Tuesday, April 04, 2006

Your Basic Lunch Food


The Wesfoodie spends most days at a place where the only reasonably accessible food is in a corporate cafeteria at an adjacent building. So I have spent a fair amount of time together with various sandwiches and chip combinations. Cafeteria food is not something very many of us think about all too often; it is like a white painted wall or short neatly parted hair for men, totally normative. It is so standard as to go unnoticed as culturally significant. It is the basis from which all other things deviate. One does not remark that a wall is white – we take notice only of a wall that differs from the norm – a red painted wall, a polka dotted wall, a mud wall – and regard the painted white wall as neutral.
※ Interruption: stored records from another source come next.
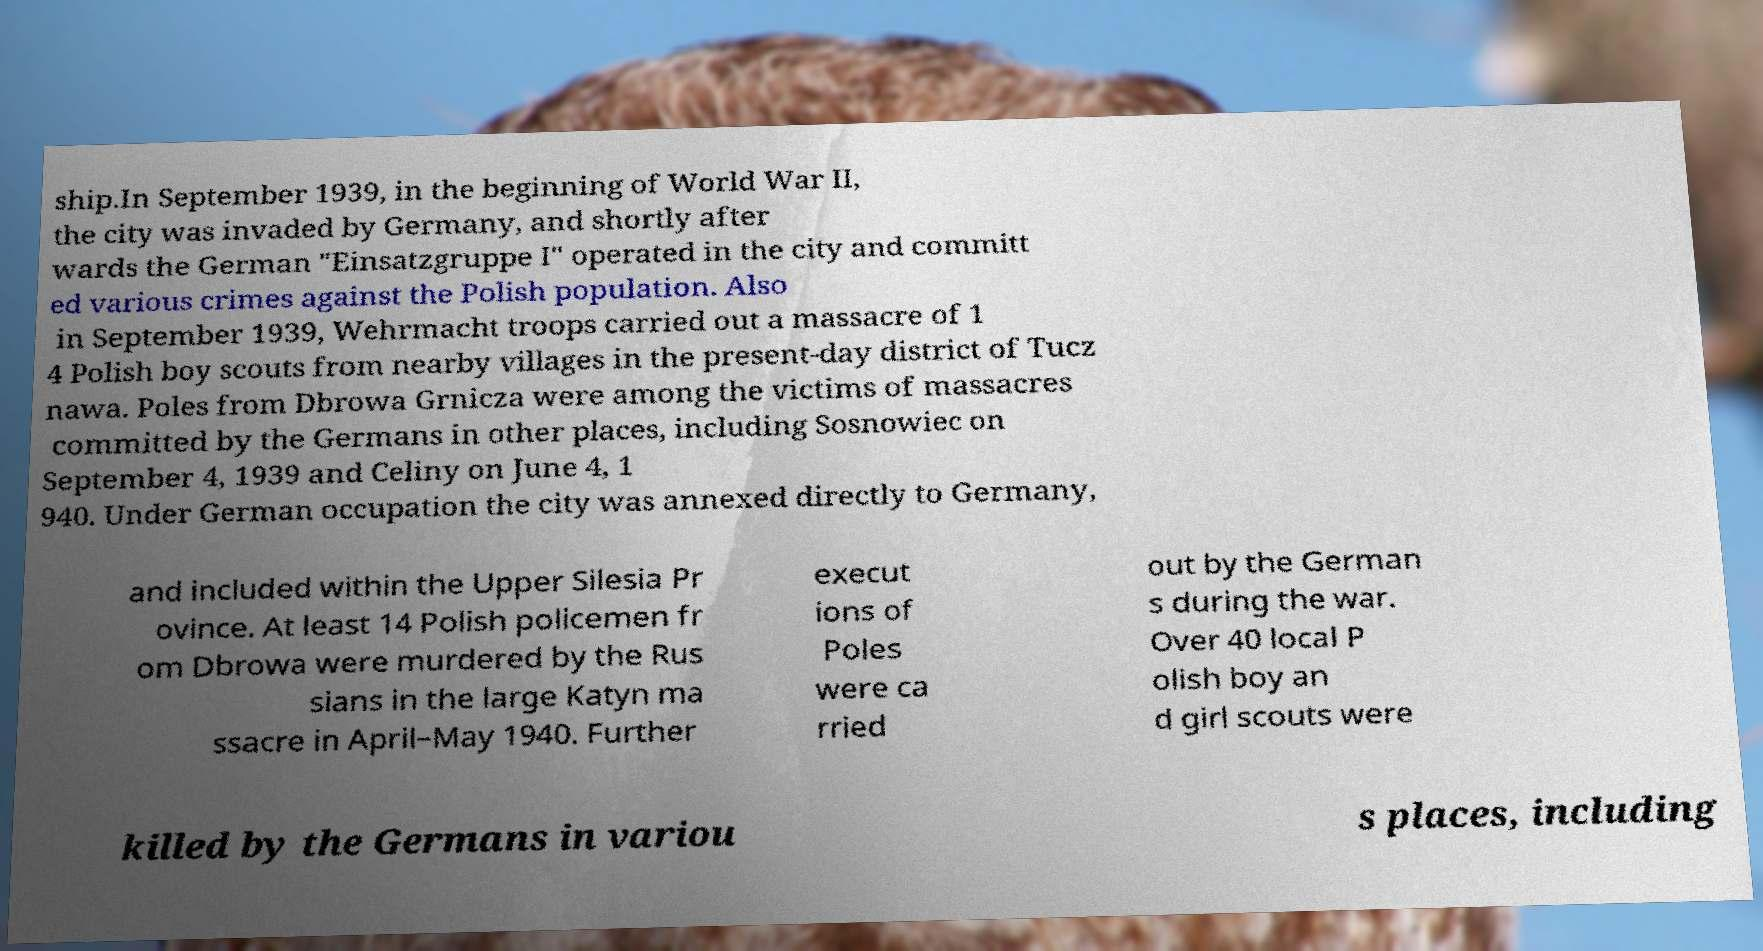I need the written content from this picture converted into text. Can you do that? ship.In September 1939, in the beginning of World War II, the city was invaded by Germany, and shortly after wards the German "Einsatzgruppe I" operated in the city and committ ed various crimes against the Polish population. Also in September 1939, Wehrmacht troops carried out a massacre of 1 4 Polish boy scouts from nearby villages in the present-day district of Tucz nawa. Poles from Dbrowa Grnicza were among the victims of massacres committed by the Germans in other places, including Sosnowiec on September 4, 1939 and Celiny on June 4, 1 940. Under German occupation the city was annexed directly to Germany, and included within the Upper Silesia Pr ovince. At least 14 Polish policemen fr om Dbrowa were murdered by the Rus sians in the large Katyn ma ssacre in April–May 1940. Further execut ions of Poles were ca rried out by the German s during the war. Over 40 local P olish boy an d girl scouts were killed by the Germans in variou s places, including 
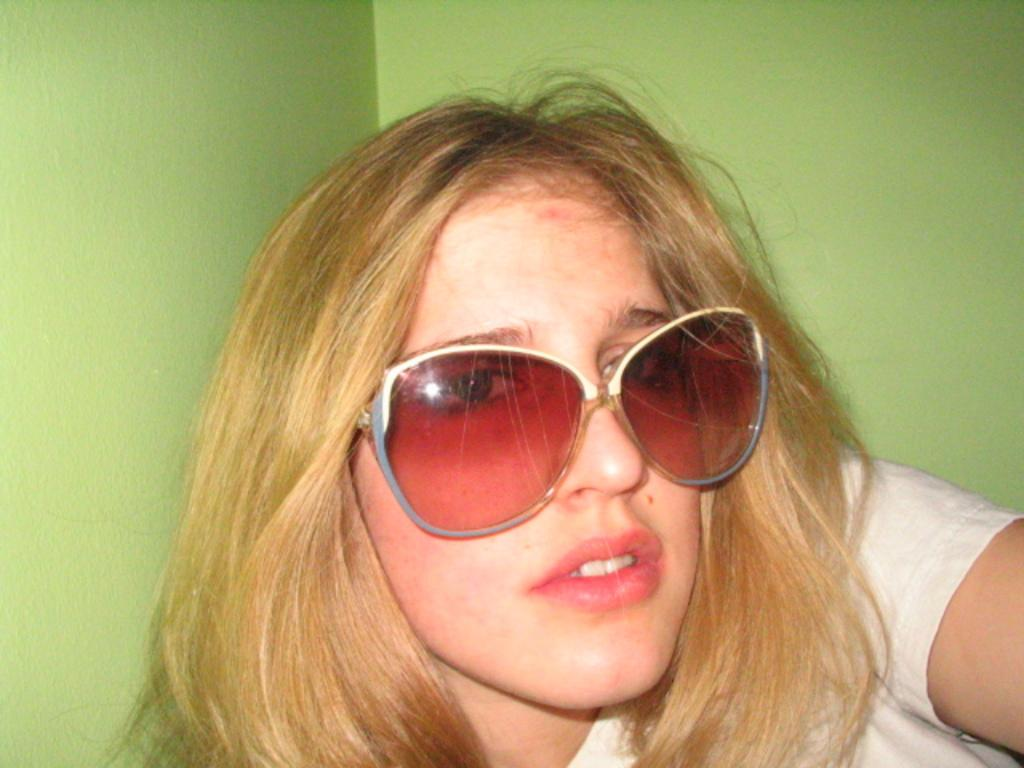What is the main subject of the image? There is a person in the image. Can you describe the position of the person in the image? The person is in front of the image. What can be seen behind the person in the image? There is a wall visible behind the person. What type of spot can be seen on the person's clothing in the image? There is no spot visible on the person's clothing in the image. What type of minister is present in the image? There is no minister present in the image. What type of company is represented by the person in the image? There is no company represented by the person in the image. 
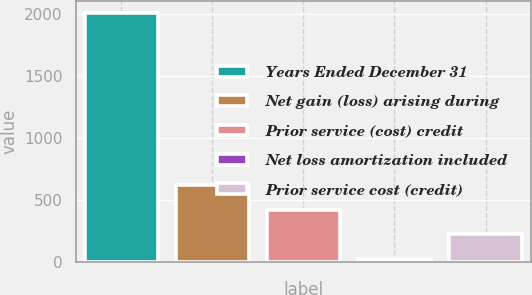<chart> <loc_0><loc_0><loc_500><loc_500><bar_chart><fcel>Years Ended December 31<fcel>Net gain (loss) arising during<fcel>Prior service (cost) credit<fcel>Net loss amortization included<fcel>Prior service cost (credit)<nl><fcel>2008<fcel>620.67<fcel>422.48<fcel>26.1<fcel>224.29<nl></chart> 
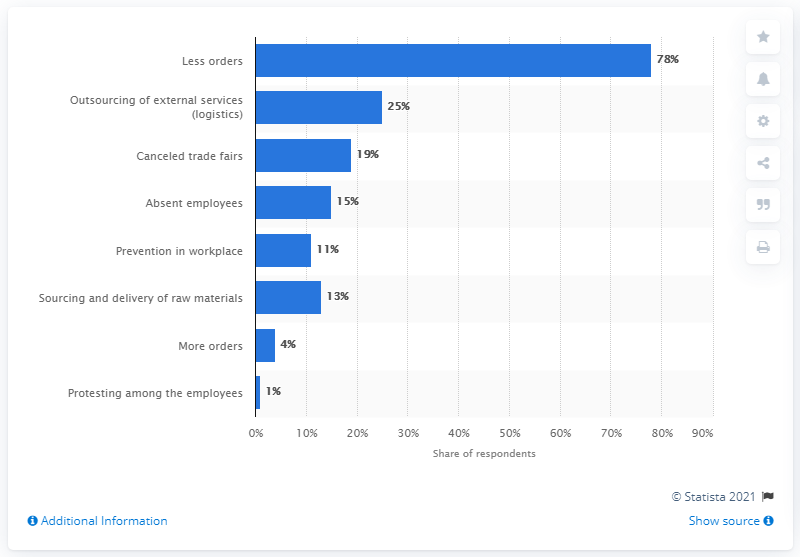Highlight a few significant elements in this photo. A recent survey of entrepreneurs revealed that a significant number of them, 19%, stated that trade fair cancellations were a problem for their businesses. A significant percentage of Italian companies in the food industry have reported a decline in orders due to the COVID-19 pandemic, with 78% reporting a significant decrease.

Same with the neatly parted hair and chicken salad sandwich.

One could safely say that chicken salad is a basic. But, as for all things, its normative value is illusory. On closer inspection its neutrality collapses and something much more complex, vivid and disjunctive appears. After all, we are talking about a chopped up creature originating from the Indian jungle boiled in a substance older than life on earth, mixed together with an emulsion of oil and the creature’s own eggs first whipped up in France two centuries ago and usually dotted with little chunks of an ancient Greek holy plant (celery). Put that together on a roll with some pickles and chips and for $3.95 you have yourself: The Lunch Counter Special.


Now the Wesfoodie does not too much like the idea of eating “chopped up creature” boiled in primordial liquids no matter how accurate that may be. There’s something very comforting about going and getting your basic sandwich for lunch and eating it without much ado. As Caravaggio and Woody Allen knew, illusions aren’t all bad all of the time. Sometimes we just need the eggs, or it could be chicken salad. Whichever comes along first. But would it kill someone to add a little curry?

2 comments:

Anonymous said...

Sir, I must disagree with your assessent. Chicken Salad has been, and always will be, well-within the bounds of the normative, despite the attempts of deconstructionists like yourself.

Indeed, such a concoction (the chicken salad, not yourself)is a veritable microcosm of the commoners palette. One conjures a railroad worker or "cabbie", his mouth salivating at the thought of biting into his beloved poultry and "mayo". Chicken is the poor man's spam and "Mayo" of course, is for those whose taste buds have not developed beyond the Crustacean Era.

Anonymous said...

I see you are still under the charm of the last Doug Henning show you attended. The illusion of chicken salad's normative value is strong.

I wonder what sauces were to be had in the Crustacean Era. Must have been a slurpin' blast.